Sehingga didapatkan kapasitas buffer pada pH 3 yaitu 4,14. Analisis yang kedua

yakni pada buffer dengan pH 4 (kandungan natrium salisilatnya lebih banyak


dibanding asam salisilatnya) dititrasi dengn larutan NaOH 0,1 M dengan
penambahan indicator fenolftalein sehingga didapatkan volume NaOH sebanyak 3
ml dan pH akhir larutan sebesar 10. Kapasitas buffer untuk pH 4,didapatkan
dengan cara membagi jumlah NaOH yang terpakai pada titrasi pH 4 dengan
perubahan pH akibat penambahan sejumlah reagen (pH). Sehingga didapatkan
kapasitas buffer pada pH 4 yaitu 0,5. Analisis yang ketiga yakni pada buffer
dengan pH 5 (kandungan natrium salisilatnya lebih banyak dibanding asam
salisilatnya) dititrasi dengn larutan NaOH 0,1 M dengan penambahan indicator
fenolftalein sehingga didapatkan volume NaOH sebanyak 1 ml dan pH akhir
larutan sebesar 10. Kapasitas buffer untuk pH 5, didapatkan dengan cara membagi
jumlah NaOH yang terpakai pada titrasi pH 5 dengan perubahan pH akibat
penambahan sejumlah reagen (pH). Sehingga didapatkan kapasitas buffer pada
pH 5 yaitu 0,2.
Percobaan buffer dan kapasitas buffer ini bermanfaat dalam bidang
farmasi. Dalam bidang farmasi, buffer banyak digunakan pada medical care dan
pembuatan obat-obatan. Contoh yang lazim menggunakan buffer adalah seperti
dalam menetralkan darah atau biasanya pada kasus keracunan.

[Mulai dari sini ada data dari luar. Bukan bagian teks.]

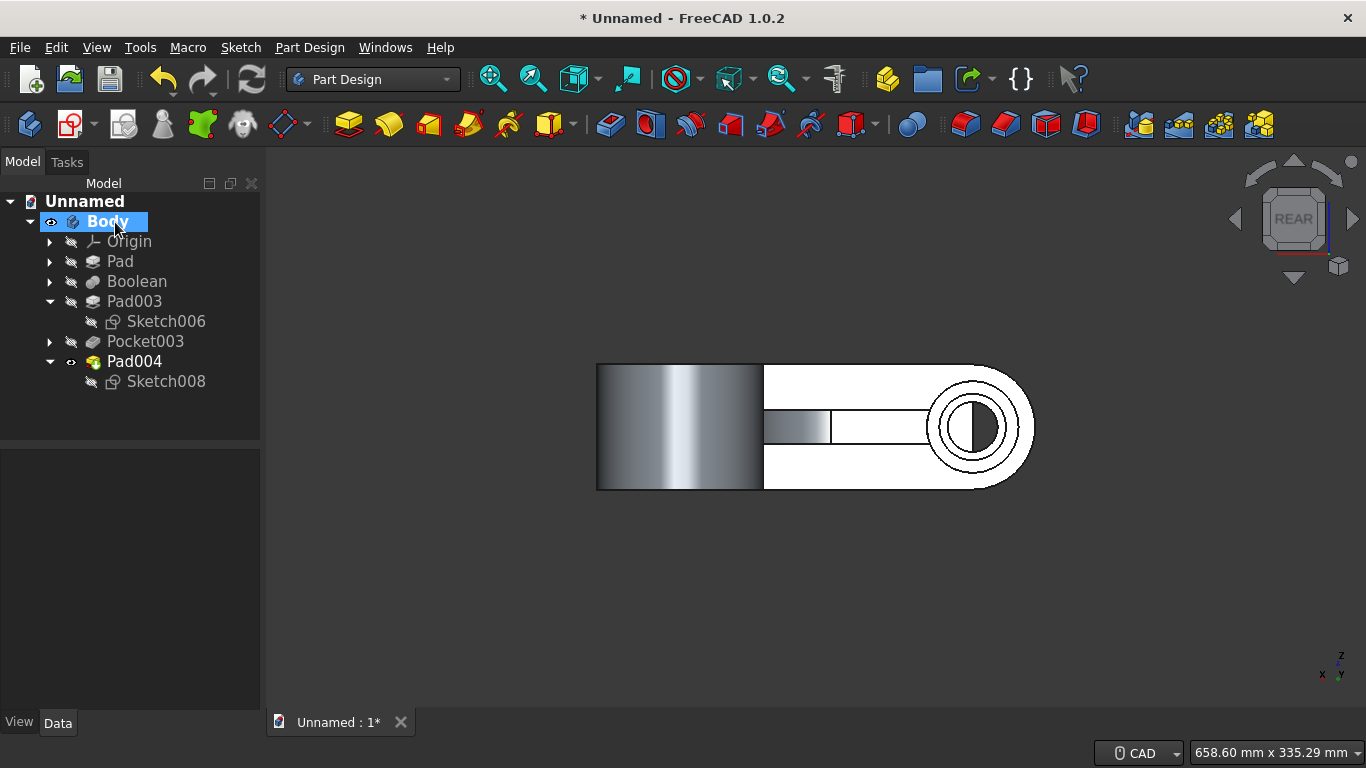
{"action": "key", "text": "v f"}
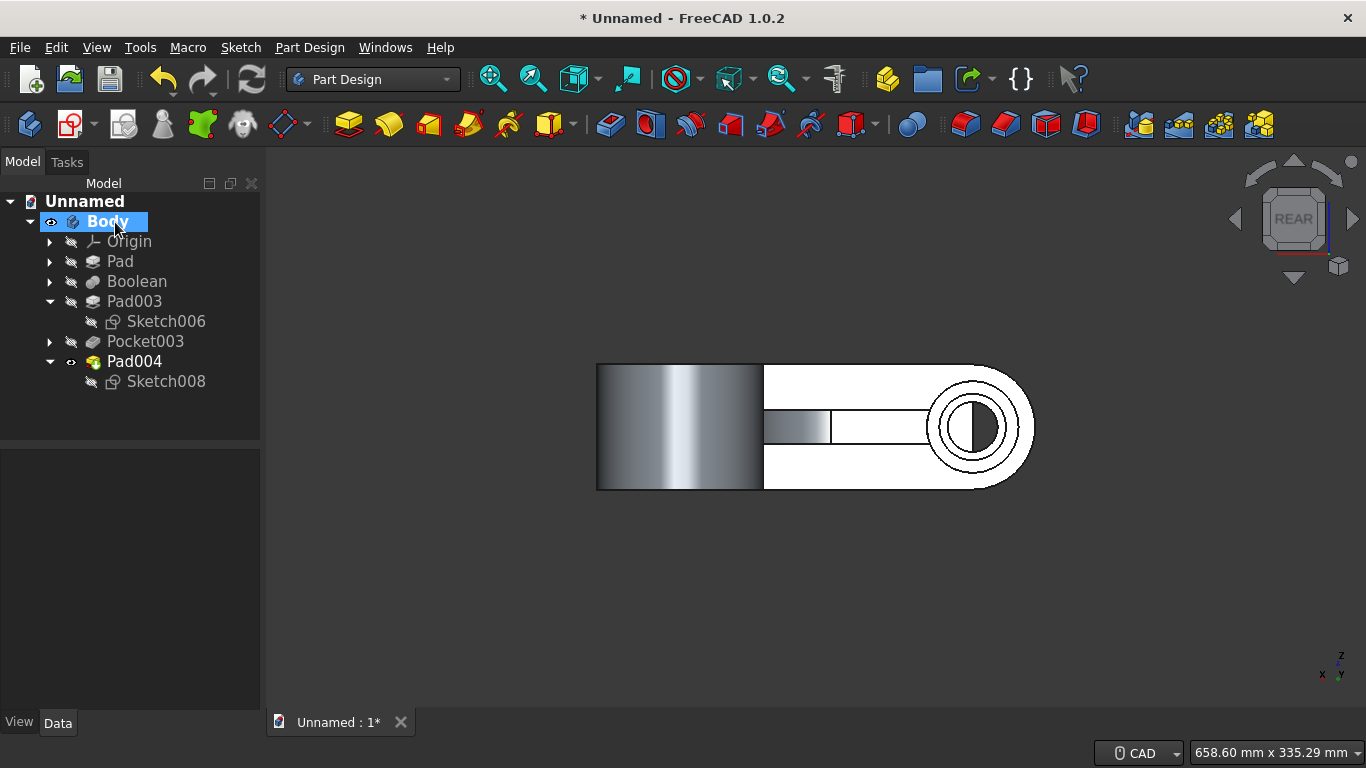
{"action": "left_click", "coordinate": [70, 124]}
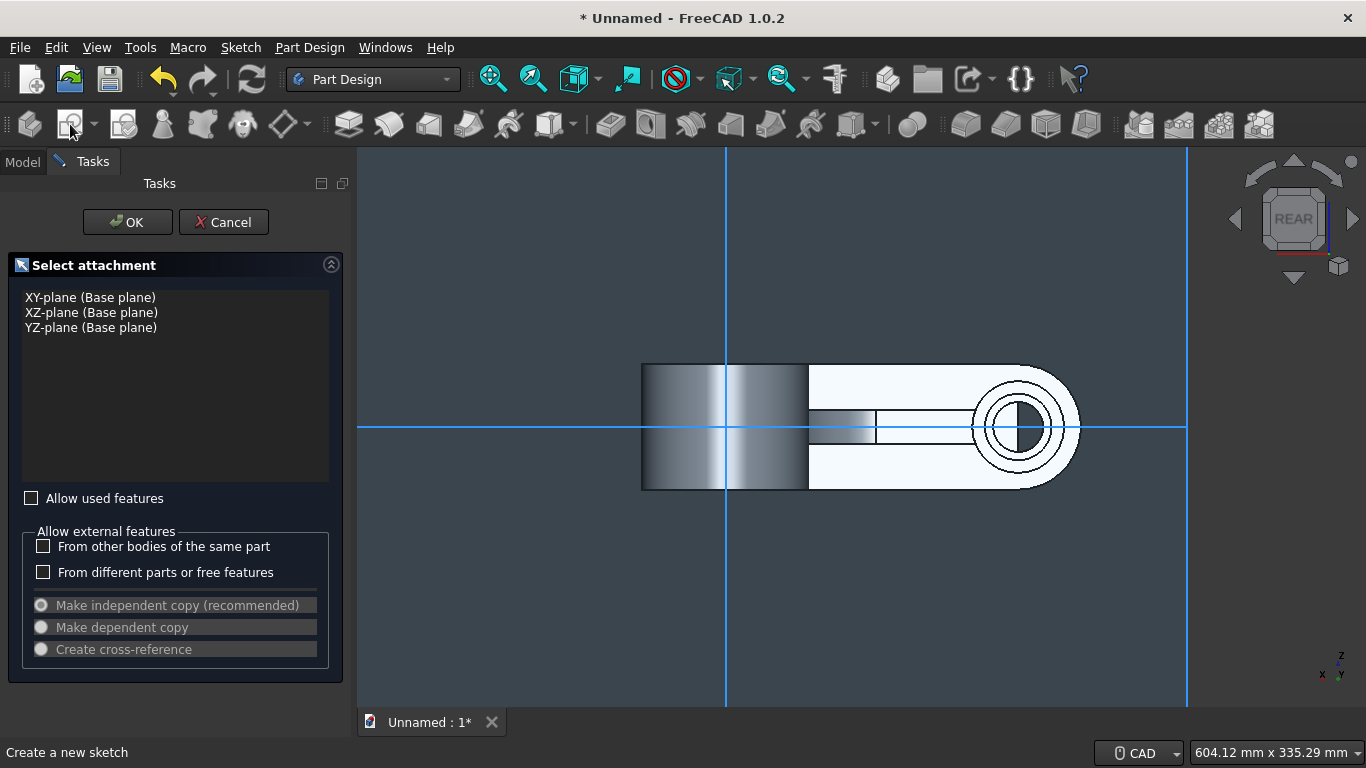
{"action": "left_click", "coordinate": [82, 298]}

Selain itu dalam
pembuatan obat-obatan, banyak zat aktif yang harus berada dalam keadaan pH
stabil dan juga berguna dalam menentukan pH suatu obat yang bersifat asam
ataupun basa. Misalnya untuk obat-obat sakit maag. Oleh karena itu, titrasi
sangatlah penting dalam bidang farmasi.

G. KESIMPULAN
Berdasarkan percobaan yang telah dilakukan dapat disimpulkan bahwa
buffer dapat dibuat dengan mencampurkan sejumlah larutan asam lemah dengan
basa konjugasinya atau mencampurkan larutan basa lemah dengan basa
konjugasinya, dengan pengukuran pH larutan menggunakan pH meter atau kertas
pH. Penentuan kapasitas buffer dilakukan untuk menunjukkan kekuatan larutan
dalam mempertahankan pH. Pada percobaan ini didapatkan kapasitas buffer
untuk pH 3 sebesar 4,14 g.Eq/L, untuk pH 4 sebesar 0,5 g.Eq/L, dan untuk pH 5
sebesar 0,2 g.Eq/L.

DAFTAR PUSTAKA
Cairns, D. 2008. Intisari Kimia Farmasi Edisi 2. EGC. Jakarta.
Darsono, L., 2002, Diagnosis dan Terapi Intoksikasi Salisilat dan Parasetamol, JKM,
Vol.2 (1).

Iswanto,A. H., 2011, Keasaman dan Kapasitas Penyangga Beberapa Jenis Kayu
Tropis, Jurnal Ilmu dan Teknologi Hasil Hutan,Vol.4 (1).
Padmono, D., 2007 Kemampuan Alkalinitas Kapasitas Penyanggan (Buffer
Capacity) dalam Sistem Anaerobik Fixed Bed, J. Tek.Ling, Vol.8 (2).
Sudiarta I W. dan Emmy S., 2011, Biosorpsi Cr(III) Pada Biosorben Serat Sabut
Kelapa Teraktivasi Sodium Hidroksida (NaOH), JURNAL KIMIA, Vol.5 (2).
Sukmaria., 1990, Kimia Kedokteran, Edisi 2, Bina Rupa Aksara, Jakarta.